6. Run cell 7 and provide the desired data vizualization options.
7. Run cell 8.


In [1]:
# -------------- CELL 1 --------------

from IPython.display import display
import ipywidgets as widgets
import pandas as pd
import os

print(r"Please provide the directory path to the data files e.g., D:\Data")
dir_path = widgets.Text(
    value='',
    placeholder='',
    description='Path:',
    disabled=False
)
display(dir_path)

Please provide the directory path to the data files e.g., D:\Data


Text(value='', description='Path:', placeholder='')

In [2]:
# -------------- CELL 2 --------------

def get_data_files_directory(path):
    """
    This function should produce a folder path to the data files.
    :param path:
    :return:
    """
    return os.path.join(path, 'raw')


data_path = get_data_files_directory(dir_path.value)

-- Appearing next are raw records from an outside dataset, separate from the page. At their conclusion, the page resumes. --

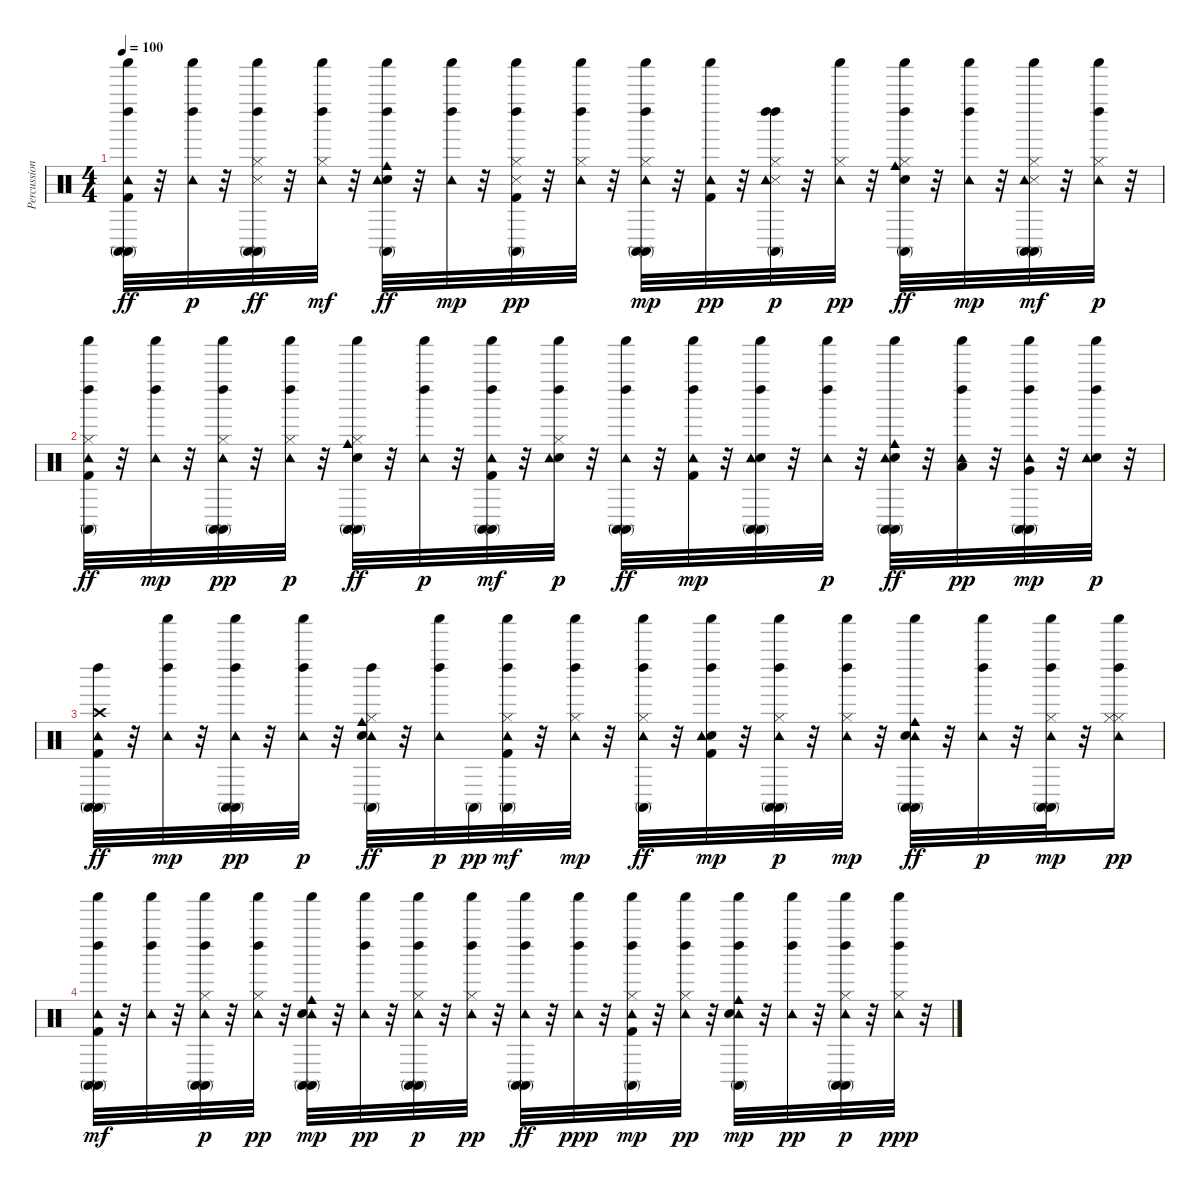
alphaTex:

\track ("Percussions" "Percussion") {instrument percussion}
\staff {score}
\articulation defaults
\ts (4 4)
\tempo 100
\clef neutral
\ks c
("Conga high (mute)" "Conga high (mute)" "Shaker (hit)" "Kick (hit) 2" "Tambourine (hit)" "Left Maraca (hit)").32{dy ff} r.32 ("Tambourine (hit)" "Shaker (hit)" "Left Maraca (hit)").32{dy p} r.32 ("Conga high (mute)" "Conga high (mute)" "Left Maraca (hit)" "Hi-Hat (closed)" "Shaker (hit)" "Snare (side stick) 3").32{dy ff} r.32 ("Hi-Hat (closed)" "Tambourine (hit)" "Shaker (hit)" "Left Maraca (hit)").32{dy mf} r.32 ("Electric Snare (hit)" "Cowbell medium (hit)" "Conga high (mute)" "Tambourine (hit)" "Shaker (hit)" "Left Maraca (hit)").32{dy ff} r.32 ("Shaker (hit)" "Tambourine (hit)" "Left Maraca (hit)").32{dy mp} r.32 ("Conga high (mute)" "Kick (hit) 2" "Snare (side stick) 3" "Hi-Hat (closed)" "Left Maraca (hit)" "Shaker (hit)").32{dy pp} r.32 ("Hi-Hat (closed)" "Tambourine (hit)" "Shaker (hit)" "Left Maraca (hit)").32 r.32 ("Hi-Hat (closed)" "Conga high (mute)" "Shaker (hit)" "Tambourine (hit)" "Left Maraca (hit)" "Conga high (mute)").32{dy mp} r.32 ("Kick (hit) 2" "Shaker (hit)" "Tambourine (hit)").32{dy pp} r.32 ("Left Maraca (hit)" "Snare (side stick) 3" "Hi-Hat (closed)" "Conga high (mute)" "Tambourine (hit)" "Left Maraca (hit)").32{dy p} r.32 ("Hi-Hat (closed)" "Tambourine (hit)" "Shaker (hit)").32{dy pp} r.32 ("Left Maraca (hit)" "Conga high (mute)" "Electric Snare (hit)" "Cowbell medium (hit)" "Hi-Hat (closed)" "Shaker (hit)").32{dy ff} r.32 ("Shaker (hit)" "Tambourine (hit)" "Left Maraca (hit)").32{dy mp} r.32 ("Conga high (mute)" "Snare (side stick) 3" "Conga high (mute)" "Hi-Hat (closed)" "Shaker (hit)" "Tambourine (hit)").32{dy mf} r.32 ("Hi-Hat (closed)" "Tambourine (hit)" "Shaker (hit)" "Left Maraca (hit)").32{dy p} r.32 |
("Conga high (mute)" "Hi-Hat (closed)" "Kick (hit) 2" "Shaker (hit)" "Tambourine (hit)" "Left Maraca (hit)").32{dy ff} r.32 ("Tambourine (hit)" "Shaker (hit)" "Left Maraca (hit)").32{dy mp} r.32 ("Conga high (mute)" "Tambourine (hit)" "Conga high (mute)" "Hi-Hat (closed)" "Shaker (hit)" "Left Maraca (hit)").32{dy pp} r.32 ("Hi-Hat (closed)" "Tambourine (hit)" "Shaker (hit)" "Left Maraca (hit)").32{dy p} r.32 ("Conga high (mute)" "Electric Snare (hit)" "Conga high (mute)" "Hi-Hat (closed)" "Cowbell medium (hit)" "Shaker (hit)").32{dy ff} r.32 ("Tambourine (hit)" "Shaker (hit)" "Left Maraca (hit)").32{dy p} r.32 ("Conga high (mute)" "Tambourine (hit)" "Left Maraca (hit)" "Conga high (mute)" "Shaker (hit)" "Kick (hit) 2").32{dy mf} r.32 ("Electric Snare (hit)" "Hi-Hat (closed)" "Tambourine (hit)" "Left Maraca (hit)" "Shaker (hit)").32{dy p} r.32 ("Conga high (mute)" "Conga high (mute)" "Tambourine (hit)" "Shaker (hit)" "Left Maraca (hit)").32{dy ff} r.32 ("Kick (hit) 2" "Tambourine (hit)" "Shaker (hit)" "Left Maraca (hit)").32{dy mp} r.32 ("Conga high (mute)" "Left Maraca (hit)" "Electric Snare (hit)" "Shaker (hit)" "Tambourine (hit)" "Conga high (mute)").32 r.32 ("Tambourine (hit)" "Left Maraca (hit)" "Shaker (hit)").32{dy p} r.32 ("Conga high (mute)" "Electric Snare (hit)" "Tambourine (hit)" "Cowbell medium (hit)" "Conga high (mute)" "Shaker (hit)").32{dy ff} r.32 ("Low Tom (hit)" "Tambourine (hit)" "Left Maraca (hit)" "Shaker (hit)").32{dy pp} r.32 ("Conga high (mute)" "Left Maraca (hit)" "Conga high (mute)" "Very Low Tom (hit)" "Tambourine (hit)" "Shaker (hit)").32{dy mp} r.32 ("Electric Snare (hit)" "Left Maraca (hit)" "Tambourine (hit)" "Shaker (hit)").32{dy p} r.32 |
("Conga high (mute)" "Conga high (mute)" "Tambourine (hit)" "Crash high (hit)" "Kick (hit) 2" "Left Maraca (hit)").32{dy ff} r.32 ("Shaker (hit)" "Tambourine (hit)" "Left Maraca (hit)").32{dy mp} r.32 ("Conga high (mute)" "Conga high (mute)" "Tambourine (hit)" "Shaker (hit)" "Left Maraca (hit)").32{dy pp} r.32 ("Tambourine (hit)" "Left Maraca (hit)" "Shaker (hit)").32{dy p} r.32 ("Conga high (mute)" "Tambourine (hit)" "Electric Snare (hit)" "Hi-Hat (closed)" "Cowbell medium (hit)" "Left Maraca (hit)").32{dy ff} r.32 ("Tambourine (hit)" "Left Maraca (hit)" "Shaker (hit)").32{dy p} "Conga high (mute)".32{dy pp} ("Conga high (mute)" "Tambourine (hit)" "Left Maraca (hit)" "Hi-Hat (closed)" "Shaker (hit)" "Kick (hit) 2").32{dy mf} r.32 ("Hi-Hat (closed)" "Tambourine (hit)" "Left Maraca (hit)" "Shaker (hit)").32{dy mp} r.32 ("Conga high (mute)" "Tambourine (hit)" "Hi-Hat (closed)" "Shaker (hit)" "Left Maraca (hit)").32{dy ff} r.32 ("Kick (hit) 2" "Electric Snare (hit)" "Tambourine (hit)" "Shaker (hit)" "Left Maraca (hit)").32{dy mp} r.32 ("Conga high (mute)" "Conga high (mute)" "Tambourine (hit)" "Hi-Hat (closed)" "Shaker (hit)" "Left Maraca (hit)").32{dy p} r.32 ("Hi-Hat (closed)" "Tambourine (hit)" "Shaker (hit)" "Left Maraca (hit)").32{dy mp} r.32 ("Conga high (mute)" "Tambourine (hit)" "Electric Snare (hit)" "Cowbell medium (hit)" "Conga high (mute)" "Shaker (hit)").32{dy ff} r.32 ("Tambourine (hit)" "Left Maraca (hit)" "Shaker (hit)").32{dy p} r.32 ("Conga high (mute)" "Tambourine (hit)" "Shaker (hit)" "Hi-Hat (closed)" "Left Maraca (hit)" "Conga high (mute)").32{dy mp} r.32 ("Hi-Hat (closed)" "Shaker (hit)" "Hi-Hat (closed)" "Tambourine (hit)" "Left Maraca (hit)").16{dy pp} |
("Conga high (mute)" "Tambourine (hit)" "Conga high (mute)" "Kick (hit) 2" "Shaker (hit)" "Left Maraca (hit)").32{dy mf} r.32 ("Tambourine (hit)" "Shaker (hit)" "Left Maraca (hit)").32 r.32 ("Conga high (mute)" "Tambourine (hit)" "Hi-Hat (closed)" "Shaker (hit)" "Conga high (mute)" "Left Maraca (hit)").32{dy p} r.32 ("Hi-Hat (closed)" "Tambourine (hit)" "Shaker (hit)" "Left Maraca (hit)").32{dy pp} r.32 ("Conga high (mute)" "Tambourine (hit)" "Electric Snare (hit)" "Cowbell medium (hit)" "Shaker (hit)" "Conga high (mute)").32{dy mp} r.32 ("Left Maraca (hit)" "Tambourine (hit)" "Shaker (hit)").32{dy pp} r.32 ("Conga high (mute)" "Tambourine (hit)" "Hi-Hat (closed)" "Left Maraca (hit)" "Shaker (hit)" "Conga high (mute)").32{dy p} r.32 ("Hi-Hat (closed)" "Tambourine (hit)" "Left Maraca (hit)" "Shaker (hit)").32{dy pp} r.32 ("Conga high (mute)" "Tambourine (hit)" "Conga high (mute)" "Left Maraca (hit)" "Shaker (hit)").32{dy ff} r.32 ("Tambourine (hit)" "Left Maraca (hit)" "Shaker (hit)").32{dy ppp} r.32 ("Conga high (mute)" "Kick (hit) 2" "Tambourine (hit)" "Hi-Hat (closed)" "Left Maraca (hit)" "Shaker (hit)").32{dy mp} r.32 ("Hi-Hat (closed)" "Tambourine (hit)" "Left Maraca (hit)" "Shaker (hit)").32{dy pp} r.32 ("Conga high (mute)" "Tambourine (hit)" "Cowbell medium (hit)" "Electric Snare (hit)" "Left Maraca (hit)" "Shaker (hit)").32{dy mp} r.32 ("Tambourine (hit)" "Left Maraca (hit)" "Shaker (hit)").32{dy pp} r.32 ("Conga high (mute)" "Conga high (mute)" "Tambourine (hit)" "Hi-Hat (closed)" "Left Maraca (hit)" "Shaker (hit)").32{dy p} r.32 ("Hi-Hat (closed)" "Tambourine (hit)" "Left Maraca (hit)" "Shaker (hit)").32{dy ppp} r.32

# Data preprocessing: handling missing metrics
print("Data preprocessing: select this option if rows with missing metrics should be removed.")
missing_metrics = widgets.ToggleButton(
    value=False,
    description='Remove Rows with Missing Metrics?',
    disabled=False,
    button_style='',
    tooltip='Remove Rows with Missing Metrics?',
    icon='check'
)
display(missing_metrics)

print("Data preprocessing: select this option if an interval column should be added to the data.")
interval = widgets.ToggleButton(
    value=False,
    description='Add Interval Column?',
    disabled=False,
    button_style='',
    tooltip='Add Interval Column?',
    icon='check'
)
display(interval)

Data preprocessing: select this option if rows with missing metrics should be removed.


ToggleButton(value=False, description='Remove Rows with Missing Metrics?', icon='check', tooltip='Remove Rows …

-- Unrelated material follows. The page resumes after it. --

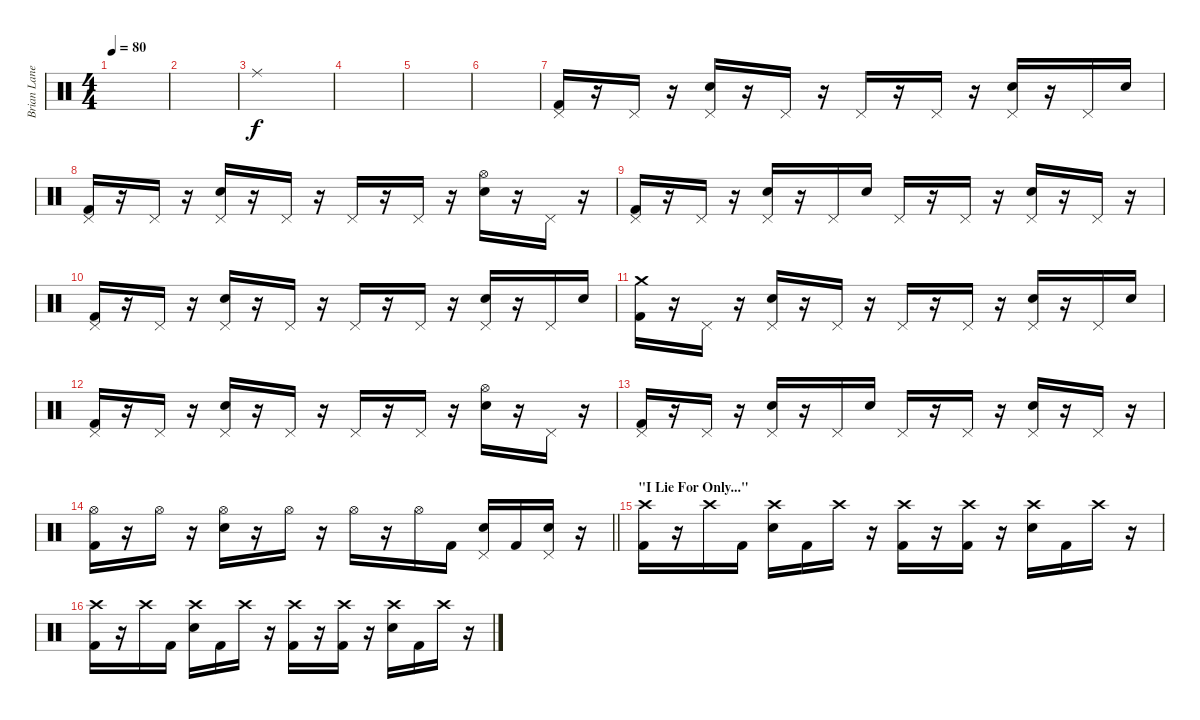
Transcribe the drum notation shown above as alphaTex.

Data preprocessing: select this option if an interval column should be added to the data.


ToggleButton(value=False, description='Add Interval Column?', icon='check', tooltip='Add Interval Column?')

In [3]:
# -------------- CELL 3 --------------

if missing_metrics.value or interval.value:
    print("Please select the start time and end time for the data preprocessing.")
    start_time = widgets.Text(
        value='01-01-2020',
        placeholder='',
        description='Start Time:',
        disabled=False
    )

    end_time = widgets.Text(
        value='12-31-9999',
        placeholder='',
        description='End Time:',
        disabled=False
    )
    display(start_time, end_time)

In [4]:
# -------------- CELL 4 --------------

def handle_missing_metrics(starting_time, ending_time, path):
    """
    This function should remove the rows within the given timeframe that are missing metrics.
    :param starting_time:
    :param ending_time:
    :param path:
    :return:
    """
    pass


def add_interval_column(starting_time, ending_time, path):
    """
    This function should add an interval column to the data that falls within the given timeframe. The interval column
    should reflect the length of each timestamp.
    :param starting_time:
    :param ending_time:
    :param path:
    :return:
    """
    pass

dataframe = pd.DataFrame()

if missing_metrics.value:
    dataframe = handle_missing_metrics(start_time.value, end_time.value, data_path)

if interval.value:
    dataframe = add_interval_column(start_time.value, end_time.value, data_path)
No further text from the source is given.